Anyway, there has been a rash of celebrity suicides in Korea, and I don’t know why. It’d be nice, though, if this spurred a public awareness campaign that might convince people to seriously consider professional psychiatric help if they’re depressed? I know, I know, any accusation of mental illness here is tantamount to a mama-joke, and mama-jokes don’t fly over here, and I don’t think that Korea needs to follow America’s lead on psychoactive medications for every complaint… but it’d be nice if lessening the stigma about mental health problems saved some lives. After all, Korea has been a world leader in terms of its rate of increase in suicide for years now, and finally beat out Japan, Hungary, and even dark and chilly (ie. S.A.D.-inducing) Finland for the top suicide rate of all OECD nations in 2005, at a rate more than double what it was a little over a decade ago.

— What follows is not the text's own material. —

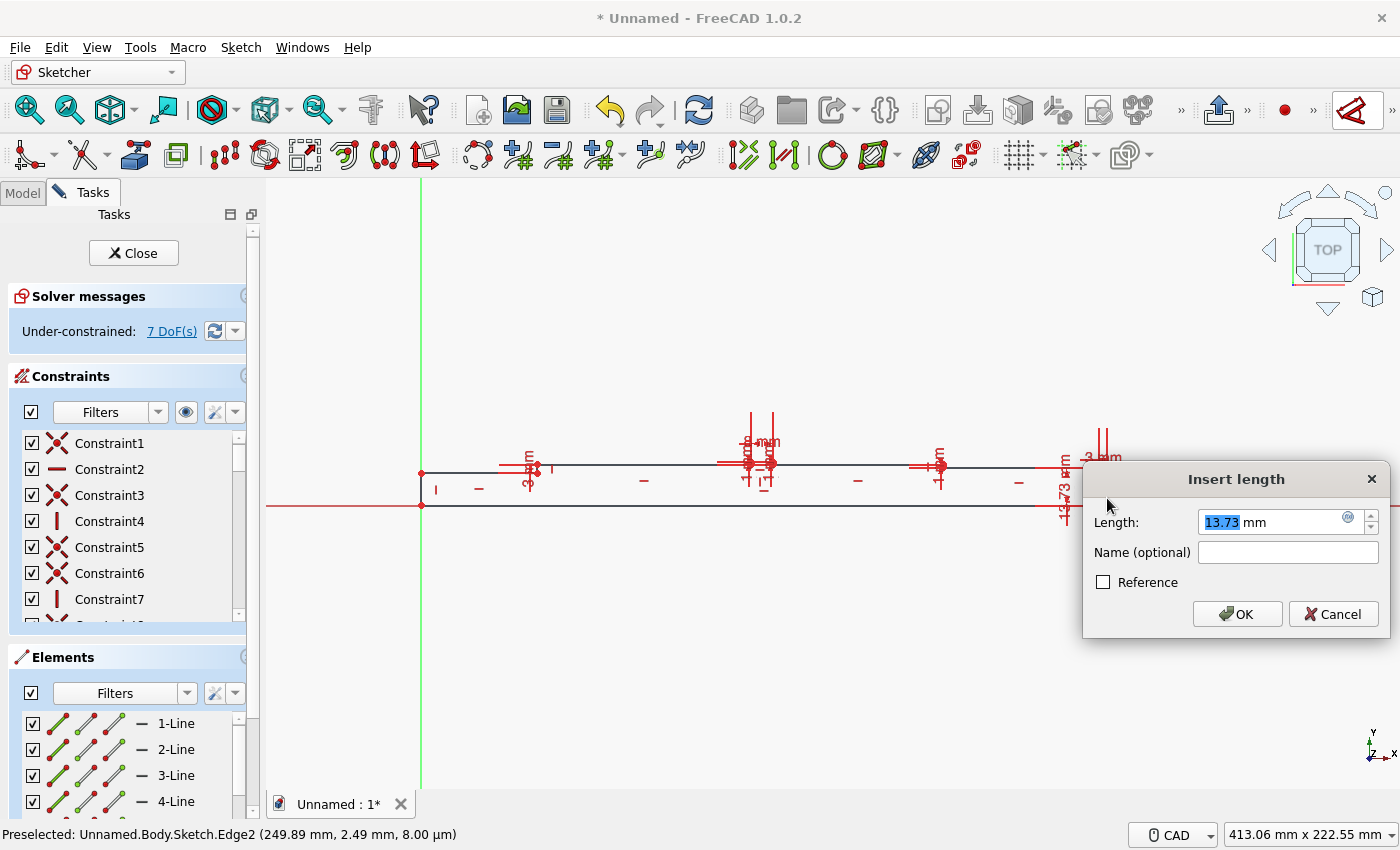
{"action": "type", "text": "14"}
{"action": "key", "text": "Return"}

For the record, while I doubt that there’s anything to the idea that it has anything to do with the ostensible Ural-Altaic language family (which Marmot didn’t really seem to pose seriously at all), it may well be that that those cultures also happen to have (a) gone through a lot of social transition lately, and (b) not be very open to psychiatric help. Since I know very little about Finand and Hungary, I really do wonder what Antti would say.